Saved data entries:
*** Begin section ***
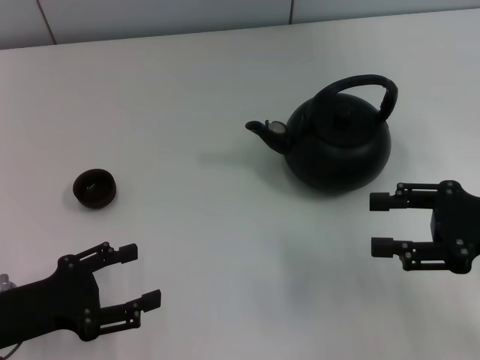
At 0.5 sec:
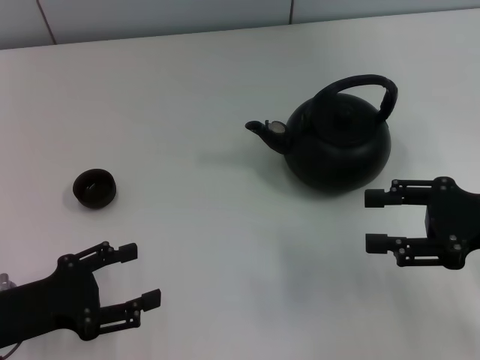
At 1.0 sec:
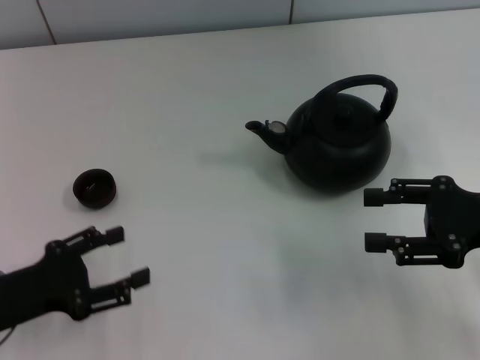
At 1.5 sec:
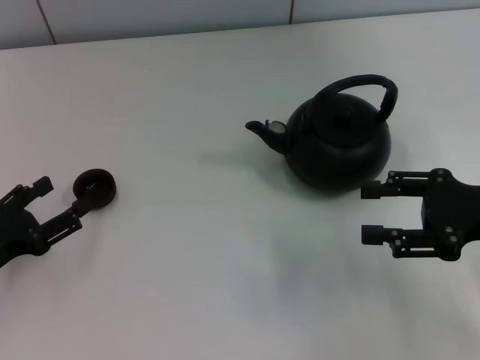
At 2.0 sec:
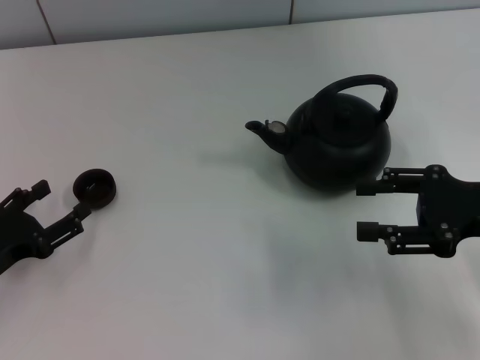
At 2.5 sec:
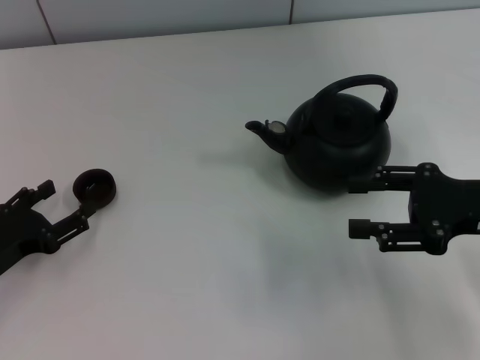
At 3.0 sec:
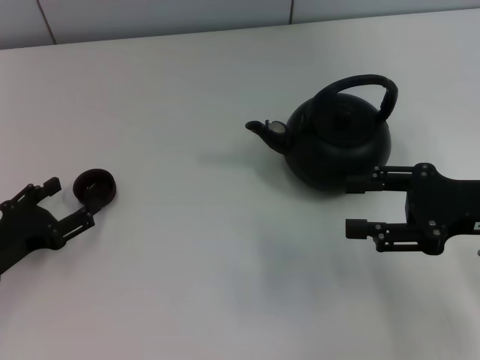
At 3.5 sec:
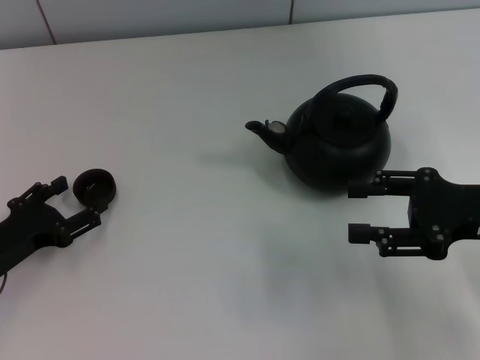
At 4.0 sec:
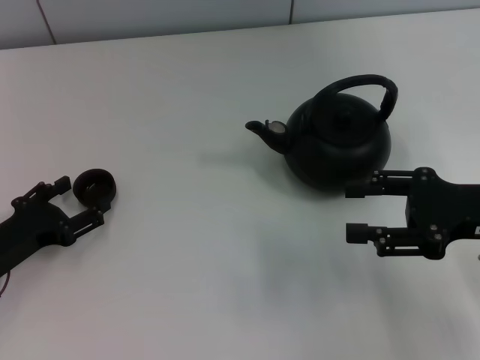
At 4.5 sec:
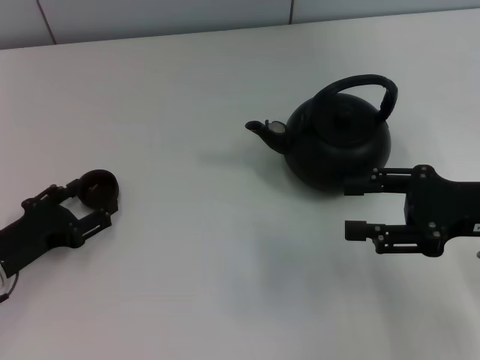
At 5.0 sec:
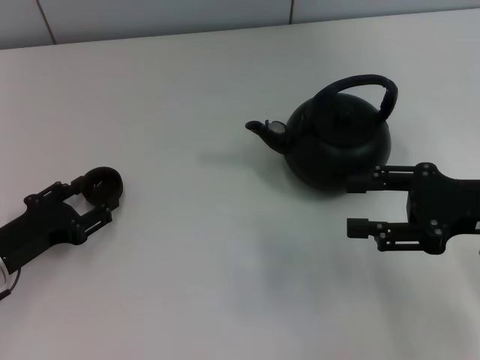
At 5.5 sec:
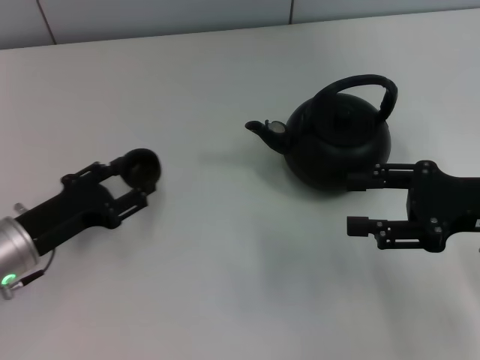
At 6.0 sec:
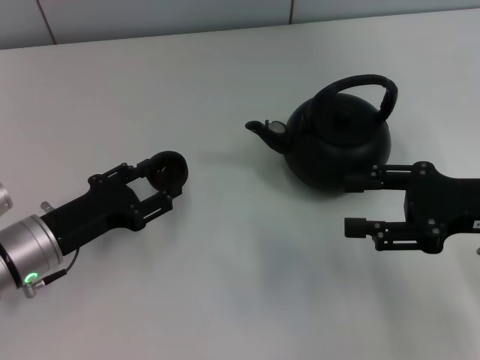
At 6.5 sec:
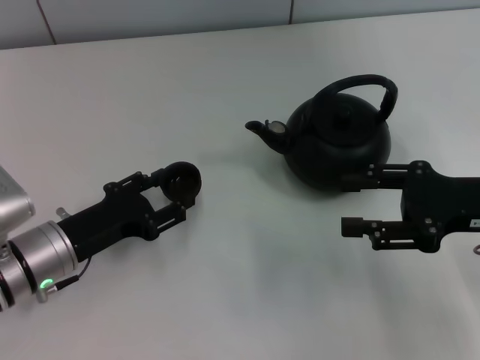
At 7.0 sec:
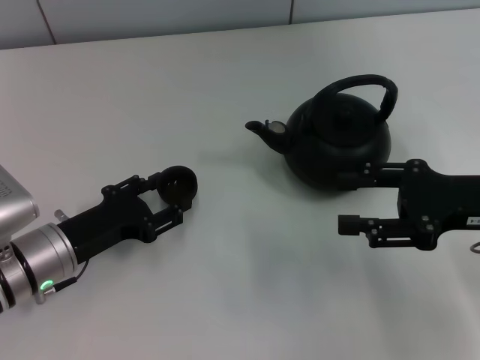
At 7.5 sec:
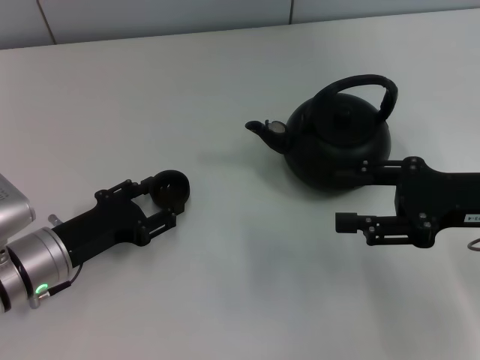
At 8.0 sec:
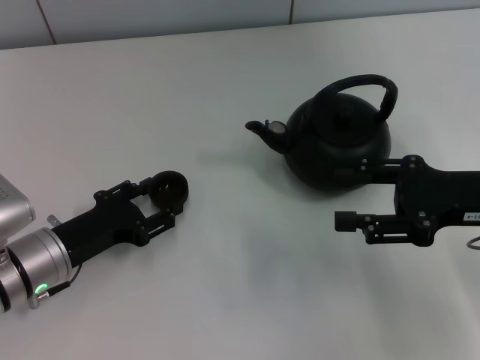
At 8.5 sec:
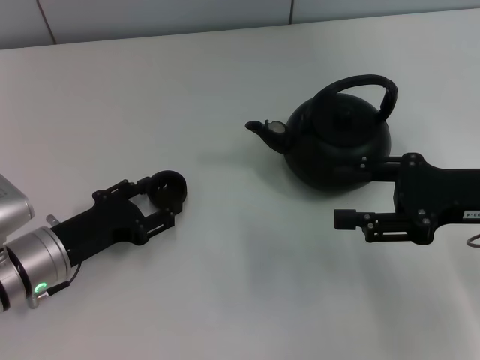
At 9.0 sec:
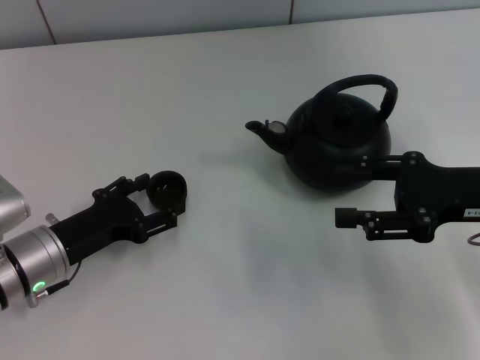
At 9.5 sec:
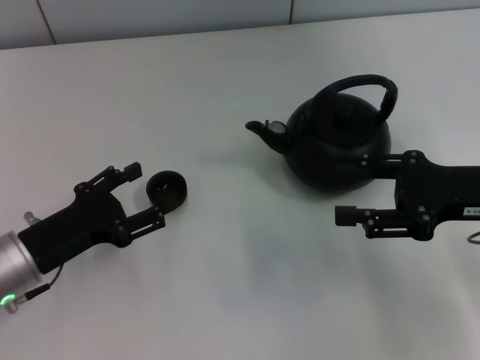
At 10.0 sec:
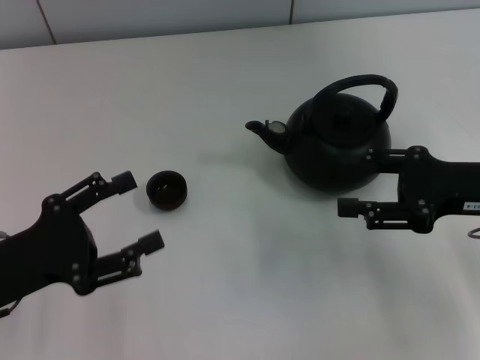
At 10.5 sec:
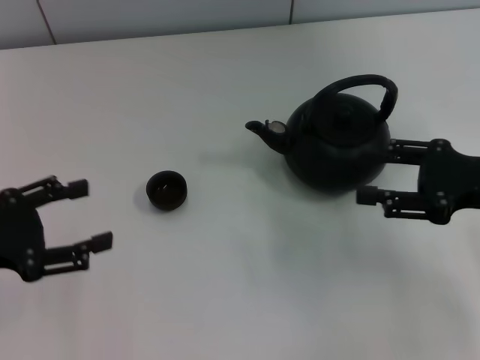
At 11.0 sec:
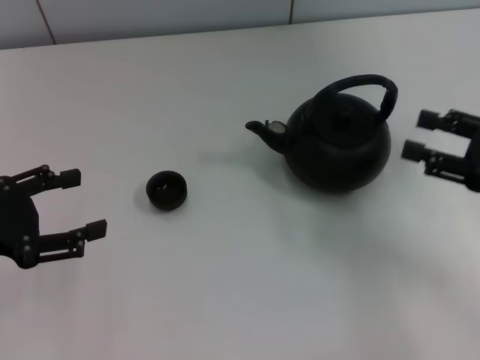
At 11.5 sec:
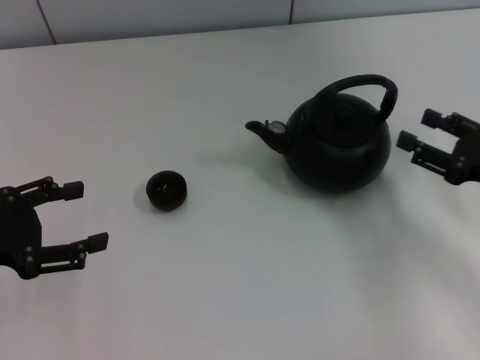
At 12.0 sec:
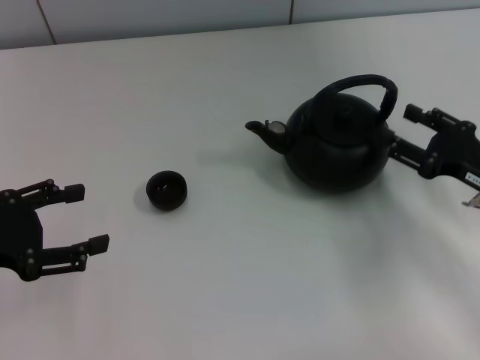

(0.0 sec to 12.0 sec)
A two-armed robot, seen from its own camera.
Task of the whole recording: Grasp the handle of the teapot with one hand and pour tea into the teacup.
Step, 0.0 sec - 5.5 sec: Pick up the teacup with the left gripper.
Step, 6.0 sec - 9.5 sec: Place the teacup in the center of view with the left gripper.
2.0 sec - 4.0 sec: The grippers stay close to where they were, moving slightly.
4.0 sec - 6.0 sec: The left gripper is displaced to the right by approximately 5 cm, and closes.
6.0 sec - 8.0 sec: The left gripper opens.
8.0 sec - 10.0 sec: The left gripper moves upward and backward, approximately 10 cm, and opens up.
10.0 sec - 12.0 sec: The right gripper goes approximately 5 cm downward. The left gripper moves approximately 5 cm.
*** End section ***
Problem to work on
With the pictures omitted, repeat the full set of records above exactly.

Response to the task
At 0.5 sec:
At 1.0 sec:
At 1.5 sec:
At 2.0 sec:
At 2.5 sec:
At 3.0 sec:
At 3.5 sec:
At 4.0 sec:
At 4.5 sec:
At 5.0 sec:
At 5.5 sec:
At 6.0 sec:
At 6.5 sec:
At 7.0 sec:
At 7.5 sec:
At 8.0 sec:
At 8.5 sec:
At 9.0 sec:
At 9.5 sec:
At 10.0 sec:
At 10.5 sec:
At 11.0 sec:
At 11.5 sec:
At 12.0 sec:

(0.0 sec to 12.0 sec)
A two-armed robot, seen from its own camera.
Task of the whole recording: Grasp the handle of the teapot with one hand and pour tea into the teacup.
Step, 0.0 sec - 5.5 sec: Pick up the teacup with the left gripper.
Step, 6.0 sec - 9.5 sec: Place the teacup in the center of view with the left gripper.
2.0 sec - 4.0 sec: The grippers stay close to where they were, moving slightly.
4.0 sec - 6.0 sec: The left gripper is displaced to the right by approximately 5 cm, and closes.
6.0 sec - 8.0 sec: The left gripper opens.
8.0 sec - 10.0 sec: The left gripper moves upward and backward, approximately 10 cm, and opens up.
10.0 sec - 12.0 sec: The right gripper goes approximately 5 cm downward. The left gripper moves approximately 5 cm.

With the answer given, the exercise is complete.